Model C-15 Rosewood & Western Redcedar

Cozad C-15 Binding


  • Body Style: C-15
  • Upper Bout: 11.25″
  • Waist: 9″
  • Lower Bout: 15″
  • Body Length: 19.5″
  • Body Depth (Tail block): 4.625″
  • Scale Length: 25.4″
  • Soundboard: Western Redcedar
  • Back and Sides: East Indian Rosewood
  • Bracing: Adirondack Red Spruce
  • Bracing pattern: Back - Conventional ladder, Soundboard - Double-X
  • Binding: Gabon Ebony
  • Soundhole Binding: Indian Rosewood
  • Rosette: Paua
  • Neck: 5-piece Mahogany
  • Fingerboard: Gabon Ebony
  • Fingerboard Inlay: Mahogany and Paua
  • Headplate: Gabon Ebony
  • Bridge: Gabon Ebony
  • End graft: Gabon Ebony
  • Options: Soundboard Inlay

There was a time when trees, large enough in diameter to fashion a large guitar’s soundboard or back entirely from a single slab or billet of wood, were in plentiful supply. Within the last century, as large trees were harvested faster than they were re-planted, the option of beginning with a single, massive plate of wood began to quickly disappear. Regardless of availability, the potential for splits across that large of a span of wood due to seasonal or environmental movement could be mitigated by ripping large plates lengthwise and rejoining them, improving their stability.

Book matching, the practice of slicing two (2) adjacent plates (from the same half of the tree), laying them open like a book, and joining them opposite a center seam (creating a mirror image of the grain pattern) proved to be more structurally sound, more popular and more aesthetically pleasing than looking at a single, large cross-section of a tree.
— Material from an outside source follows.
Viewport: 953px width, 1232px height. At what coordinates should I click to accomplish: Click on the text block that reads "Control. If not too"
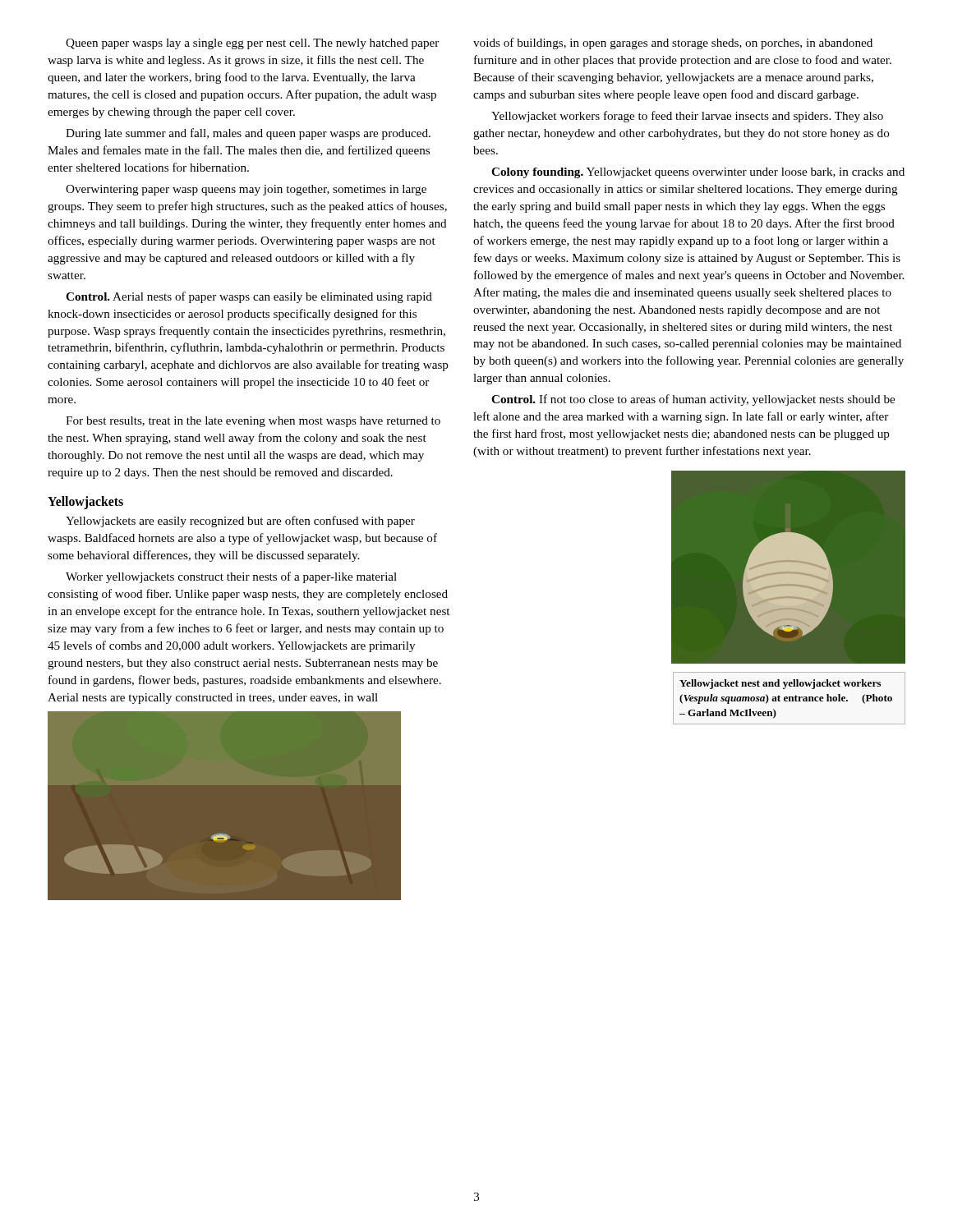(689, 426)

I use a plate joiner jig to glue two (2) book matched halves of the Cedar soundboard of this deep-bodied, OM-sized guitar together. The two (2) book matched halves that make up the Rosewood back are assembled in the same manner. For both front and back plates, two (2) boards are matched, planed (thicknessed/thinned), glued and assembled into this clever contraption which pulls them tightly together with very even pressure while preventing them from buckling as the glue dries.

Cozad C-15 Plate Joiner
Plate joiner

The 30 year-old Cedar (the tree was several hundred years old! It had been 30 years since the book matched pieces had been cut) I used for the soundboard is among the stiffest I have ever encountered. Cedar, while exceptionally stiff across the grain, tends to be weaker along the grain than Spruce. As a result, Cedar Soundboards are typically a bit thicker than their Spruce counterparts. But not this one! I have high hopes for this guitar!

I route the purfling and Paua soundhole rings using a rotary tool mounted in a mini router jig and attached to a circle cutter. After the inlay work is complete I cut a circle all the way through the soundboard, creating the soundhole.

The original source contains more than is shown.